Just wanted to ask you a quick question on the U.S. asset and maybe the strategy here going forward in 2020. It's one of the few assets that seems to be seeing an increasing focus at the margin when you look at the percentage of capital it's seeing relative to the whole budget in 2020 versus 2019. Is this 10-well program, is there going to be a geological exploratory element to it, or do you guys think you have a pretty good handle on what you're doing there and it's more just moving into a bit of a development mode at this point?

A
Anthony William Marino
President, CEO & Non

The U.S. program is really one of development drilling. It is not necessarily in-field drilling. There is delineation of the Hilight Turner Pool with wells that are broadly away from the current development area, so we're able to drill wells in a new reservoir that has already been delineated as being within the Turner Pool. So it's not really exploratory in nature.
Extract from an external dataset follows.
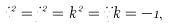Convert formula to latex. <formula><loc_0><loc_0><loc_500><loc_500>i ^ { 2 } = j ^ { 2 } = k ^ { 2 } = i j k = - 1 ,</formula> 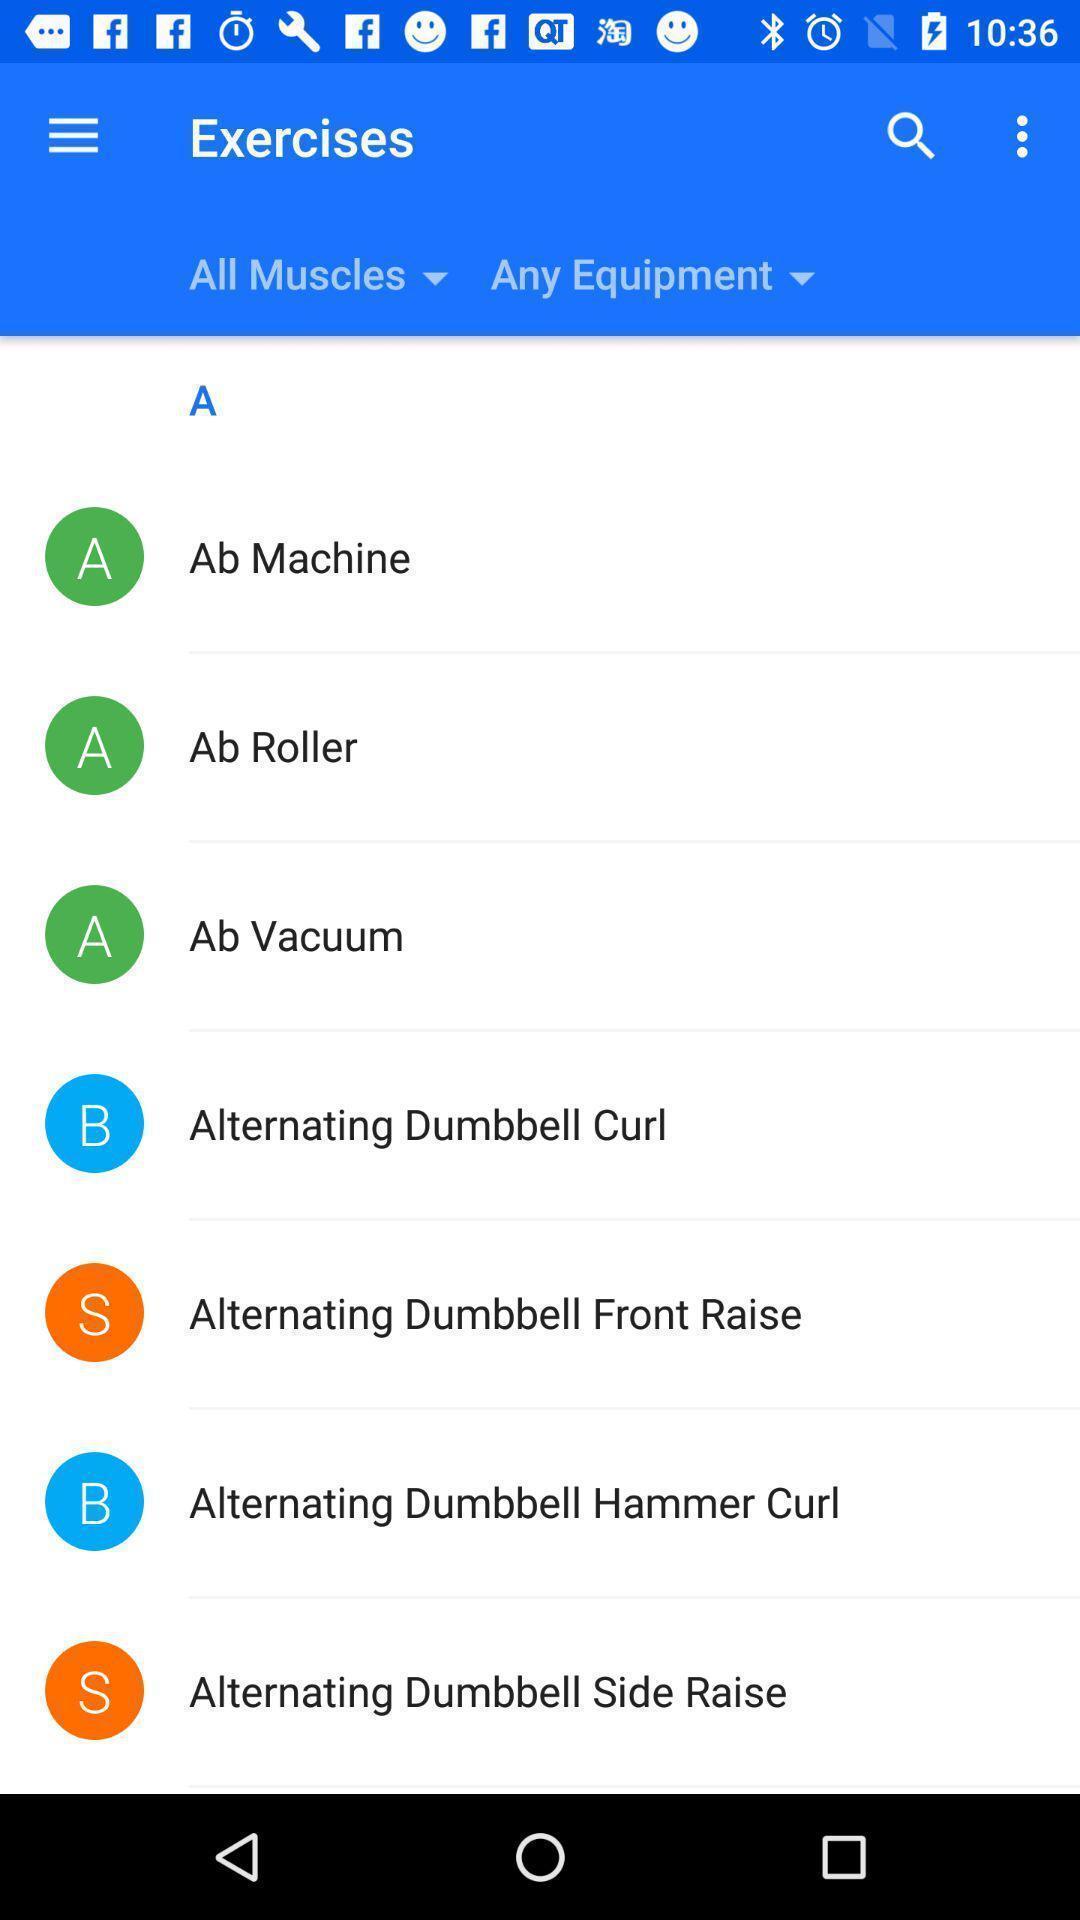Provide a detailed account of this screenshot. Page showing list of exercises in a fitness app. 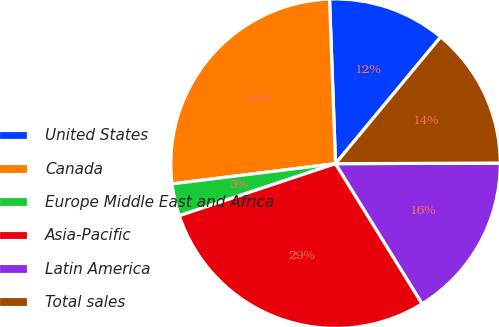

We think we've got good certainty on the expected results there.

P
Patrick Joseph O'Rourke

Okay. And the wells that you've drilled to date, at least the way they look, you've got a couple that are above type curve and a few that are mainly in line with type curve, so you're fairly comfortable with that type curve at this point in time?

A
Anthony William Marino
President, CEO & Non

Yes, Patrick, that assessment is correct. Some are above the type curve, some are in line with it and we're comfortable that the type curve, or perhaps something a little bit better, is deliverable out of that drilling program.

Operator

[Operator Instructions.] And there are no further questions at this time. Mr. Anthony Marino, I turn the call back over to you for some closing remarks.

A
Anthony William Marino
President, CEO & Non

Thank you again for participating in our Q3 2019 conference call. We look forward to speaking with you again after our Q4 2019 results are reported in the new year.

Operator

Ladies and gentlemen, this concludes today's conference call. Thank you for participating. You may now disconnect.